Since my binding is scrappy, it’s difficult to pick a thread color that will go with every fabric in my binding. If this were a competition piece, I’d probably go to the trouble of changing the thread color every time the fabric changed color, but this is a usin’ quilt, so I just chose white — goes with everything. Besides, the stitches are supposed to hide anyway, and most of them do. And it’s on the back, for pity’s sake! A few noticeable white thread spots will not take away from it’s snuggliness.
I just pick a random spot along one side, and bring my thread up through the folded edge of the binding strip where I want to start.
Then I fold the folded edge of the binding over to barely cover the stitching line (from where I stitched it on the top of the quilt), and start using a blind stitch to hold it in place.
To make a blind stitch, you go down at the same spot you came up, and let the needle and thread travel between the quilt’s layers over to the spot where you want to take the next stitch, which in my case, is just over 1/8″ away from the previous stitch. Then repeat, over and over again! Be careful that the thread does not go all the way through to the front of the quilt — you don’t want your stitches showing on the other side.
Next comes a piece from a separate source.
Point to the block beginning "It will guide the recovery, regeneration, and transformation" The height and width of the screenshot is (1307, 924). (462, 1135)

When I get to the end of the thread, I go into the seam allowance part that gets hidden by the fold of binding, and take several little tacking stitches out there where they won’t show. Then I re-thread my needle, and pick up right where I left off, and keep going.
So what do you do when you come to a corner?
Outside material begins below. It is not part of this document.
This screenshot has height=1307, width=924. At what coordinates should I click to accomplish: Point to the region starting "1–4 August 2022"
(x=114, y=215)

I stitch right up to the corner, then take one tacking stitch right in the corner (where the stitching lines meet).
Then I turn the quilt, and fold the next side up over that first fold so that it makes a nice miter. And take one stitch there to hold it in place.
Then I slide my needle along the inside of the fold and push it out at the outer end of the fold.
Then I blind stitch back toward the tacked corner to hold the miter in place:
Then continue stitching on down the next side.
Just repeat this around the entire edge of your quilt — it’s that easy!
When you get back to where you started, just take a few tacking stitches where they won’t show and bury your thread tail in the seam allowance and clip off the excess.
But even with that, you’re not completely done. Oh, no . . . your quilt still needs a label. So I’ll show you how I did mine.
If my quilt had a white backing, I’d simply take my fabric marker and write directly on the backing of my quilt. That’s the easiest way I know to get that information on there.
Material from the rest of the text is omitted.